* WORK INSTRUCTION
Take the lines below beginning at the line that has "position = x, y, z" and stopping after the line that has "An invented example", and print them exactly as they are, with no other lines.

═══ SUPPLIED RECORDS ═══

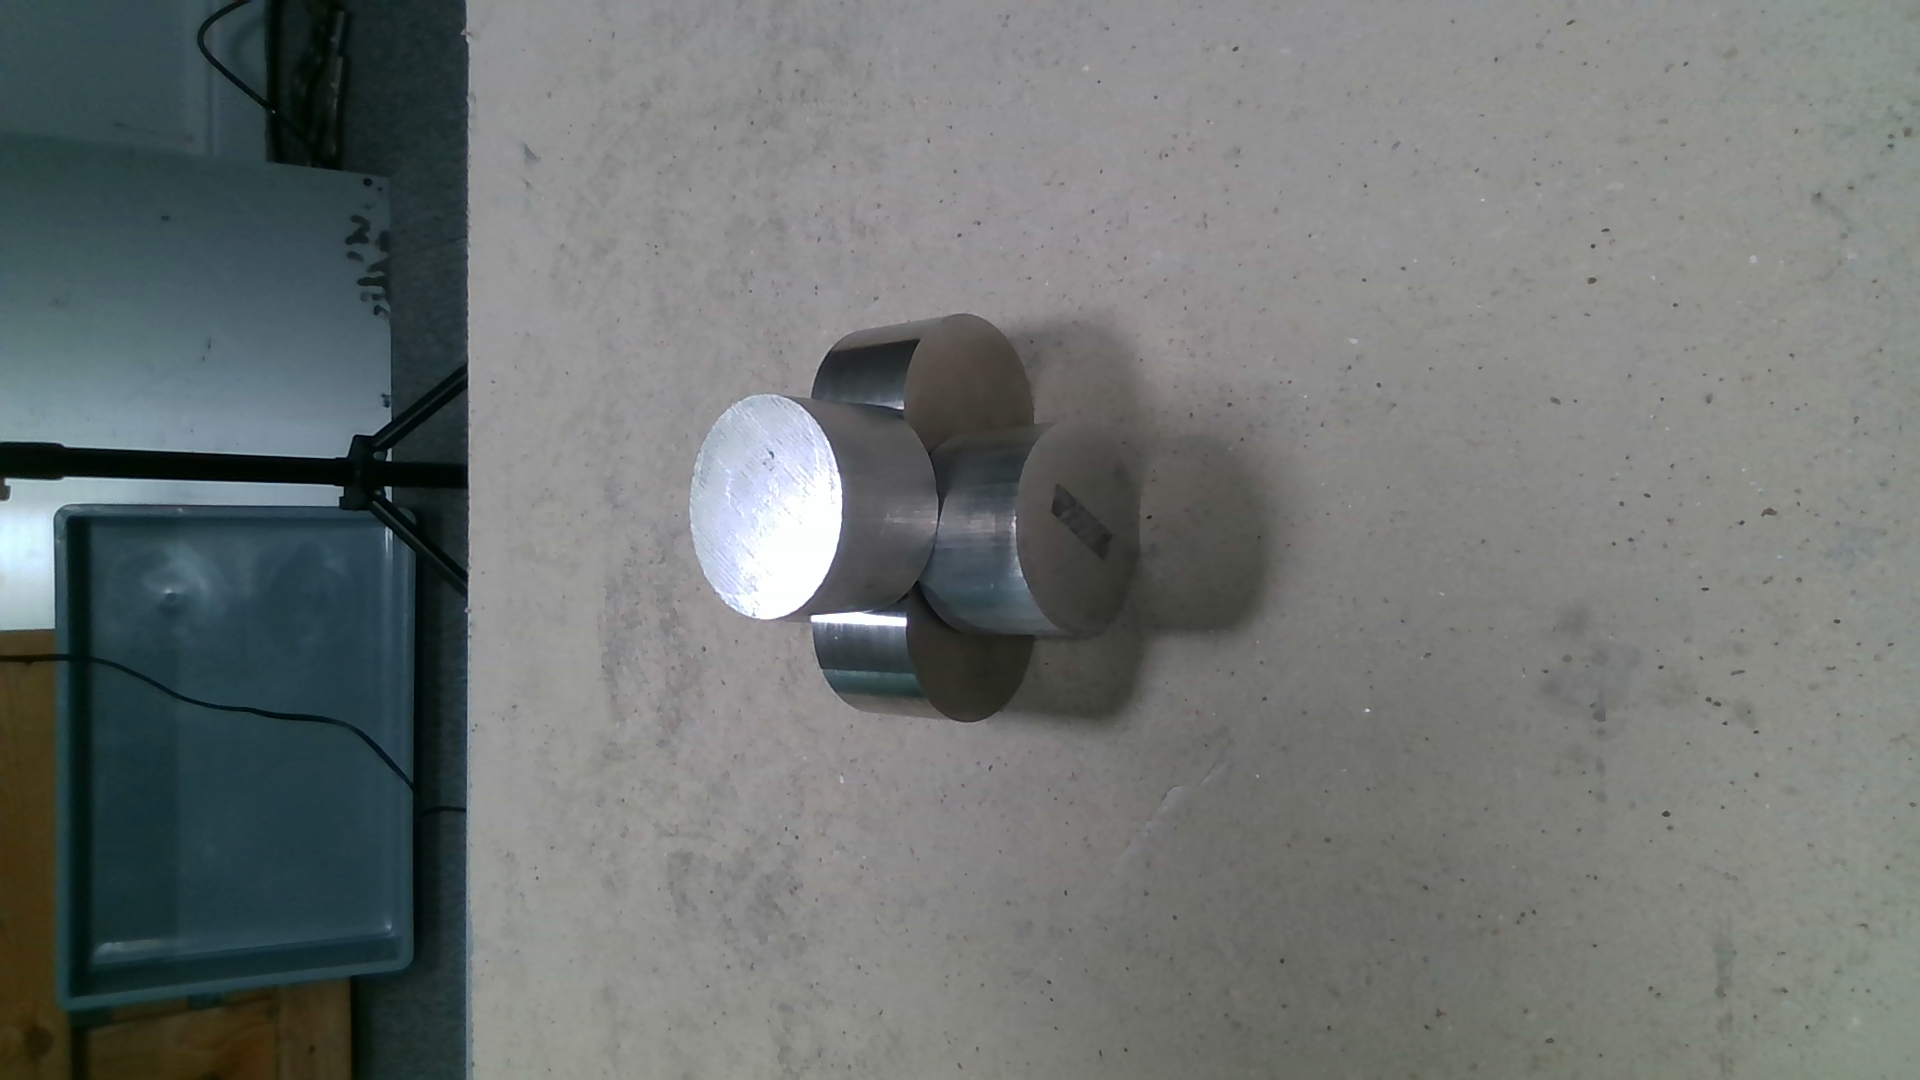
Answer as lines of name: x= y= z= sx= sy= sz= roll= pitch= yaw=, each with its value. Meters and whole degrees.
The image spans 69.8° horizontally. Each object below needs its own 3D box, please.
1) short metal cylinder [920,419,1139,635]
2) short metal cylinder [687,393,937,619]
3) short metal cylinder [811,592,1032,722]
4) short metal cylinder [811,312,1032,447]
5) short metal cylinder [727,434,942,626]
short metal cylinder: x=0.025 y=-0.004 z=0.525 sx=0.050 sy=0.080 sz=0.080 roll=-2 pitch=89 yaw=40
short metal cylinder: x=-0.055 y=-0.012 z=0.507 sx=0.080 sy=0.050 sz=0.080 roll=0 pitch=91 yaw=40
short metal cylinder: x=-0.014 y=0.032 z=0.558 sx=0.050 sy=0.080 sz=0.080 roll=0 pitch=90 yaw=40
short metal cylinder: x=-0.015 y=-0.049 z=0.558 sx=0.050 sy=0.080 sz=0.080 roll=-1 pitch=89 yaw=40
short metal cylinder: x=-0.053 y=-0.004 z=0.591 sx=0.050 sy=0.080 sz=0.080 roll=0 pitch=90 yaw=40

═══
═══ SUPPLIED RECORDS ═══

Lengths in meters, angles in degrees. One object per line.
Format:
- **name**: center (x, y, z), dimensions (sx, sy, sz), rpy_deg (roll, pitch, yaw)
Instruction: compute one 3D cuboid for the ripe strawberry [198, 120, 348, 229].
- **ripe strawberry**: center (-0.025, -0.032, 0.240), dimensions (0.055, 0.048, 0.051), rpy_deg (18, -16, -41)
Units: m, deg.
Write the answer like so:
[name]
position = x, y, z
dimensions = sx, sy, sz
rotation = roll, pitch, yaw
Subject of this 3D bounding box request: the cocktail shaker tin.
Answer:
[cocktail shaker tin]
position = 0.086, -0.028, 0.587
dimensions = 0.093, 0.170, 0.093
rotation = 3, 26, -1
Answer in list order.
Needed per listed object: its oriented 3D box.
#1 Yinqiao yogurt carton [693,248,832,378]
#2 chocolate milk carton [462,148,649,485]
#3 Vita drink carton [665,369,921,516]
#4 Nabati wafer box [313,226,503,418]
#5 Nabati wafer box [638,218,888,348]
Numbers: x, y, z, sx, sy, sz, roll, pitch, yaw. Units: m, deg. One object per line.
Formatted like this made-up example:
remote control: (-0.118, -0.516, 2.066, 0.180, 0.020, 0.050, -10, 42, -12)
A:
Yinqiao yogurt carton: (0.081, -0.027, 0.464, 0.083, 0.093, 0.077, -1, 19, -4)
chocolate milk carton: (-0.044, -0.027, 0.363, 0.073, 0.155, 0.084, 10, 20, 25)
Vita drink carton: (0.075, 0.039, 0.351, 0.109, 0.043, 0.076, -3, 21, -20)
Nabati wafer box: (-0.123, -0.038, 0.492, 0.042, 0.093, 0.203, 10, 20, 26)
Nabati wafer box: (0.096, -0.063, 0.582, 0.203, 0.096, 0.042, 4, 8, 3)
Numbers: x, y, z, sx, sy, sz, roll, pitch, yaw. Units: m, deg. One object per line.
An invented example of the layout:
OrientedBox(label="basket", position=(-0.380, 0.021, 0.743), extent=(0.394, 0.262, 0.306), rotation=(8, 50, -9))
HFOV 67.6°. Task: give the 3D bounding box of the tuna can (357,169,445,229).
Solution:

═══

* ANSWER TO THE PROBLEM
position = x, y, z
dimensions = sx, sy, sz
rotation = roll, pitch, yaw
Subject of this 3D bounding box request: the cocktail shaker tin.
Answer:
[cocktail shaker tin]
position = 0.086, -0.028, 0.587
dimensions = 0.093, 0.170, 0.093
rotation = 3, 26, -1
Answer in list order.
Needed per listed object: its oriented 3D box.
#1 Yinqiao yogurt carton [693,248,832,378]
#2 chocolate milk carton [462,148,649,485]
#3 Vita drink carton [665,369,921,516]
#4 Nabati wafer box [313,226,503,418]
#5 Nabati wafer box [638,218,888,348]
Numbers: x, y, z, sx, sy, sz, roll, pitch, yaw. Units: m, deg. One object per line.
Formatted like this made-up example:
remote control: (-0.118, -0.516, 2.066, 0.180, 0.020, 0.050, -10, 42, -12)
A:
Yinqiao yogurt carton: (0.081, -0.027, 0.464, 0.083, 0.093, 0.077, -1, 19, -4)
chocolate milk carton: (-0.044, -0.027, 0.363, 0.073, 0.155, 0.084, 10, 20, 25)
Vita drink carton: (0.075, 0.039, 0.351, 0.109, 0.043, 0.076, -3, 21, -20)
Nabati wafer box: (-0.123, -0.038, 0.492, 0.042, 0.093, 0.203, 10, 20, 26)
Nabati wafer box: (0.096, -0.063, 0.582, 0.203, 0.096, 0.042, 4, 8, 3)
Numbers: x, y, z, sx, sy, sz, roll, pitch, yaw. Units: m, deg. One object per line.
An invented example of the layout:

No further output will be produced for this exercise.